CV Academy 2021: is there a sex-specific phenotype for atherosclerotic plaque?

Ischaemic heart disease

30 Sep 2021

The Amgen-sponsored CV Academy 2021 kicked off with international guest speaker Dr Leslee Shaw, Women’s Health Director at the Icahn School of Medicine at Mount Sinai. She discussed the differences in cardiovascular (CV) health between men and women, highlighting how differently the disease can manifest.

More than biology driving differences between men’s and women’s CV health

Dr Shaw explained how at the biological level, there is sexual dimorphism in plaque formation between the sexes. “They can manifest themselves as varied clinical characteristics or presentations, such as more diabetes, hypertension and obesity in women than men. But I cannot talk about the sex differences without acknowledging the gender and cultural issues at play as well,” explained Dr Shaw. “We get varied referral patterns, smaller samples of women in our knowledge base. There are also age and risk-factor related differences as well as novel biomarkers. Females over the age of 13 have higher C-reactive protein levels for example, which mean they exist in a more inflammatory mileu. There’s also race and ethnicity differences that not only drive difference in phenotype, but access to care as well,”1 she said

Pathologic observations of sex differences

In terms of sudden cardiac death, Dr Shaw presented a graphical representation of typical plaque rupture in men versus women. “In men, you see a necrotic core with an occlusive thrombus. In women, the more common presentation is plaque erosion with an intact fibrous cap and early fibroatheroma.”2 She went on to explain the more potent and prognostically significant difference is “not just the non-occlusive nature of plaque formation and lower plaque burden overall, but rather that they are predominantly non-calcified plaques.”3

Dr Shaw’s key differences of note:

1. There is a delay in the increased incidence of calcified plaques in men vs women

Data from the Coronary Artery Calcium Consortium shows the prevalence increases around age 35 in men but age 45 in women. “Over that 10-year gap, women gradually lose oestrogen as they enter a perimenopausal phase. With the menopausal stage the calcified plaque burden increases,”4 explained Dr Shaw.
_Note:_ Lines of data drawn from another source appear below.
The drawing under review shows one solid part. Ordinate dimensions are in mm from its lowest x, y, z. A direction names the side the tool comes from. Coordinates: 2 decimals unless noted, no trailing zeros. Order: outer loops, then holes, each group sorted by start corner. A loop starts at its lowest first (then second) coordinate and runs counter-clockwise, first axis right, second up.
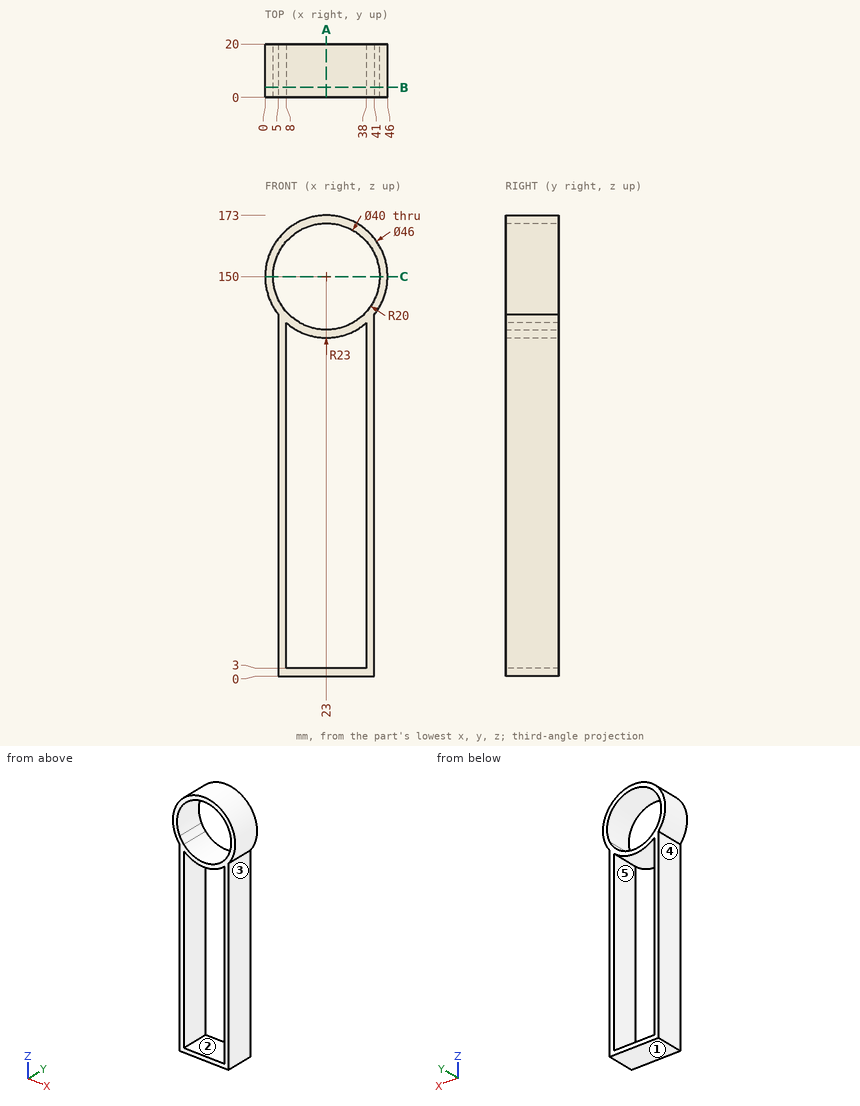
1. Clearance check with flat-ended pins moving along their axes: pin 1 Ø2 at (y, z) = (8.5, 85.5) entering from +X; pin 2 Ø3 at (y, z) = (17, 96) entering from -X; pin 3 Ø6 at (y, z) = (2.5, 142.5) entering from +X. State where each tip first meets the part, or that it passes through.
Answer below:
pin 1: stops at x = 41
pin 2: stops at x = 5
pin 3: stops at x = 45.56
2. Take a section at B-B, the plane y = 3.75. Give the boundary of the cut face in (x, z), plus the area to 3 significant figures.
Answer below:
outline: (5, 0) - (41, 0) - (41, 135.68) arc R23 ccw (long way) to (5, 135.68) - close; hole circle Ø40 at (23, 150); hole (8, 3) - (38, 3) - (38, 132.56) arc R23 cw to (8, 132.56) - close
area: 1,300 mm2
3. The part is to be moulded in two halves that separate along Z. For the marked faces 1, 2 and 3, say which applies: +Z half, -Z half, draft (parallel to the pull), parting line (faces both ways), or undercut.
Answer below:
face 1: -Z half
face 2: undercut
face 3: draft
4. To check wall thickness, follow L1, parallel to Z at x = 23, y = 14.75; L2, parallel to X at y = 13.75, z = 40; L3, parallel to X at y = 15, z = 150. State the ranges of each line that lie inside material, in increasing order.
Answer below:
L1: z = 0 to 3, 127 to 130, 170 to 173
L2: x = 5 to 8, 38 to 41
L3: x = 0 to 3, 43 to 46
5. Take a section at A-A, the plane x = 23. Give the boundary of the cut face in (y, z), plus the area to 3 significant figures.
Answer below:
outline: (0, 0) - (20, 0) - (20, 3) - (0, 3) - close; (0, 127) - (20, 127) - (20, 130) - (0, 130) - close; (0, 170) - (20, 170) - (20, 173) - (0, 173) - close
area: 180 mm2
6. Machinability: for the marked faces 4 and 5, which of the approach directions +Z, -Z, +X, -X, +Y, -Y give a long, thin tool a straight path to every point of the face, cutting with its end or side? Answer none if there is none.
Answer below:
face 4: -Z, -X, +Y, -Y
face 5: +Y, -Y
7. Take a section at C-C, the plane z = 150. Give the boundary of the cut face in (x, y).
Answer below:
outline: (0, 0) - (3, 0) - (3, 20) - (0, 20) - close; (43, 0) - (46, 0) - (46, 20) - (43, 20) - close

2. Women have more nonobstructuve plaque than men

“I can show lots of examples of this in the invasive as well as the non-invasive literature,” explained Dr Shaw. “Years ago we used to pool the data and really did our patients a disservice, now knowing that there is a huge difference in risk between obstructive and non-obstructive disease among men and women. Nonobstructive CAD in women is prognostically important.6-8 As we start to peel the layers back, we need to appreciate what’s stabilising the plaques – that could be calcification.9 But those that are at high risk of progression are those with a necrotic core and positive remodelling. Lumenograms can be misleading. The PROspective Multicenter Imaging Study for Evaluation of Chest Pain Trial demonstrated how high-risk plaque features are more predictive in women who are younger and with nonobstructive CAD.”10,11

Where this leaves us is to consider how today’s diagnostic evaluations could be leaving women out. “Today’s procedures aim to detect obstructive disease and women who need coronary revascularisation. That’s kind of a problem, knowing that many have nonobstructive disease and could be high risk because of that. It’s important for us to keep in mind and to consider preventive strategies even though the guidelines don’t address that just yet.” Looking to the future, Dr Shaw left delegates to consider the following sex differences in atherosclerosis:

  • Lumen volume and vessel size
  • Diffuseness of atheroscleorotic disease
  • LV mass and the myocardial area at risk
  • Tortuosity
  • Obesity, in particular pericardial adiposity and inflammation

This article was commissioned by Amgen Australia. The content is independent and based on studies and the author’s opinion. The views expressed do not necessarily reflect the views of the sponsor.

References

  1. Shaw L, et al. J Am Coll Cardiol. 2017;70 (3) 373–388.
  2. Yahagi K, et al. Nat Rev Cardiol. 2016 Feb;13(2):79-98
  3. Ylä-Herttuala S et al. EHJ 2013;34:3251-8.
  4. Shaw L et al, EHJ 2018;39:3727-3735
  5. Pepine CJ et al. J Am Coll Cardiol 2015;66(17):1918-33.
  6. Min JK et al. J Am Coll Cardiol. 2011;58(8):849-60.
  7. Schulman-Marcus J et al. JACC Cardiovasc Imaging. 2016;9(4):364-372.
  8. Plank F et al. Neth Heart J 2019;27(5):272-280.
  9. Ahmadi A, et al. J Am Coll Cardiol. 2019;74(12):1608-1617.
  10. Ferencik M, et al. JAMA Cardiol 2018;3:144-152.
  11. Williams MC, et al. Circulation. 2020;141(18):1452-1462.